Exercise prompt:
Pick each line containing the word "HFOV" out of the data below.

Information shown:
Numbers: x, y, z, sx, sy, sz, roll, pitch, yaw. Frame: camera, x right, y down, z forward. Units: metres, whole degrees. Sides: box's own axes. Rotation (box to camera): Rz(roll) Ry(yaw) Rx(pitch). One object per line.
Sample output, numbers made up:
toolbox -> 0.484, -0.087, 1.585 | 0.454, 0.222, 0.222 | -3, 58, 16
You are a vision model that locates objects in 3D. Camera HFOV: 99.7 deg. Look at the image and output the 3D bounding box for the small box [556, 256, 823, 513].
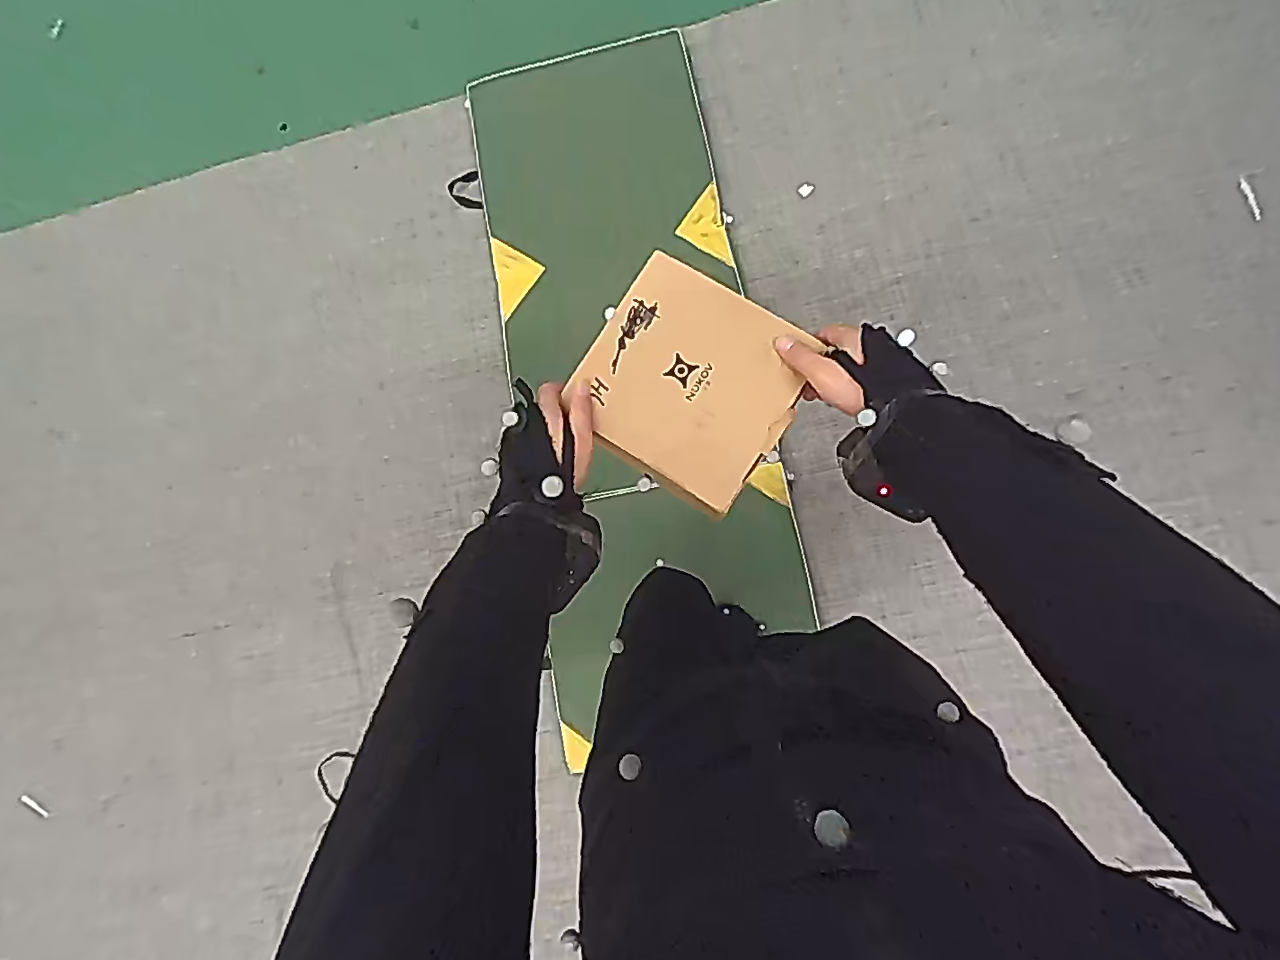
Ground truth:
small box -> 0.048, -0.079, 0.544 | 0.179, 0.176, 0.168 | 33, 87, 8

* * *

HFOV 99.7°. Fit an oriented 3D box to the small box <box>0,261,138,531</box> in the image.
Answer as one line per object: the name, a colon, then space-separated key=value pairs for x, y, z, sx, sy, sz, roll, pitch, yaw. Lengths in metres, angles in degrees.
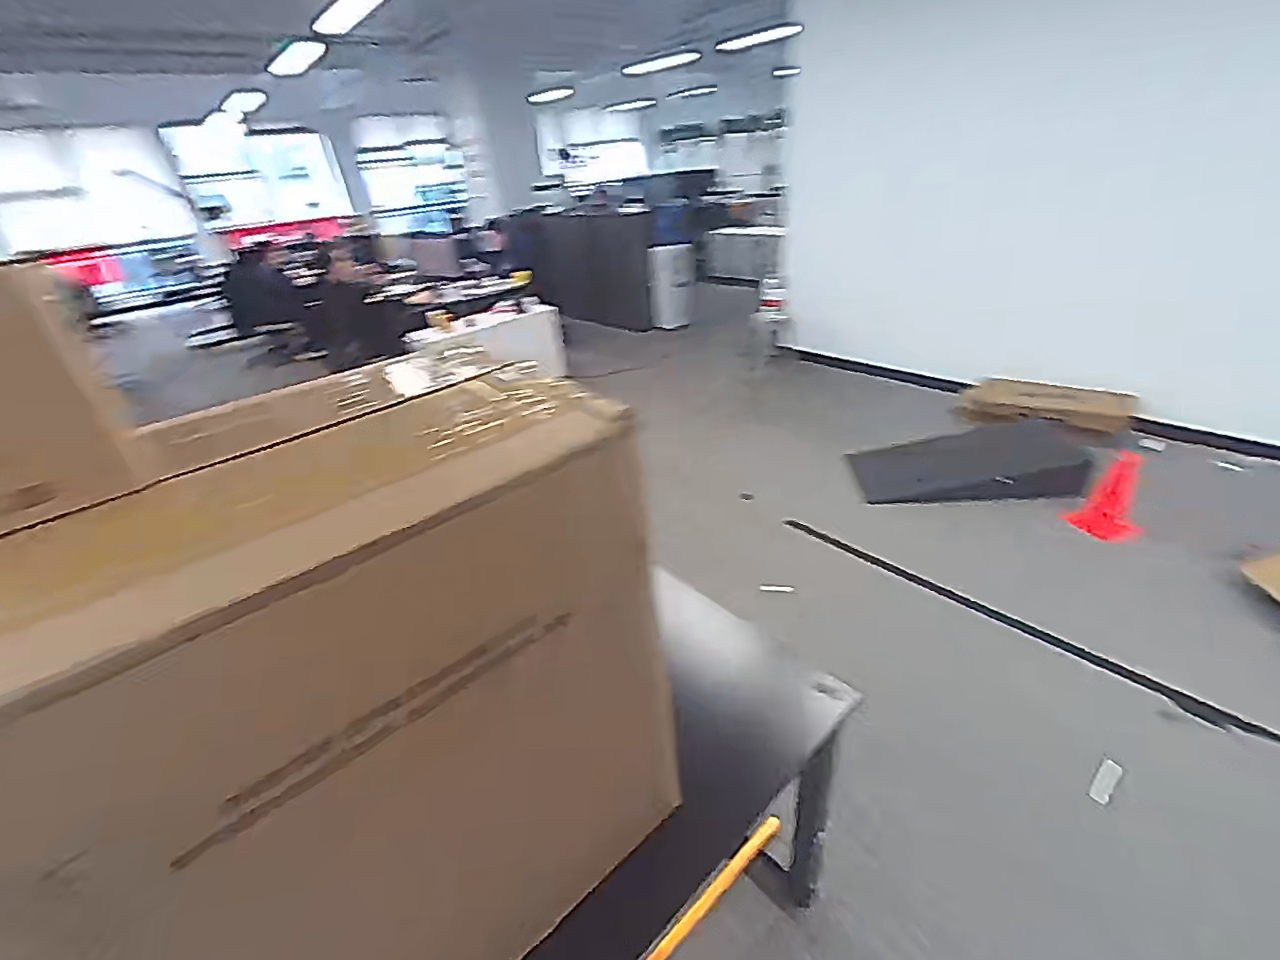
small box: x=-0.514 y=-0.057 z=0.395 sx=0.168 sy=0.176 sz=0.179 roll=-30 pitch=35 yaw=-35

==

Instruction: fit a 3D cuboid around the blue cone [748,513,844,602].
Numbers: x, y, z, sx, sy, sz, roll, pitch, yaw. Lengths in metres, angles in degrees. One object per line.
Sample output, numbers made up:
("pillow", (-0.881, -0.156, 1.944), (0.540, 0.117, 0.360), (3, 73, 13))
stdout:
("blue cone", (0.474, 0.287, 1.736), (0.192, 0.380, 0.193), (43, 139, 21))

Response:
You are a vision model that locates objects in 3D. Camera HFOV: 99.7 deg. Look at the image and output the 3D bounding box for the small box [556, 256, 823, 513].
HFOV 99.7°. Fit an oriented 3D box to the small box <box>0,261,138,531</box> in the image.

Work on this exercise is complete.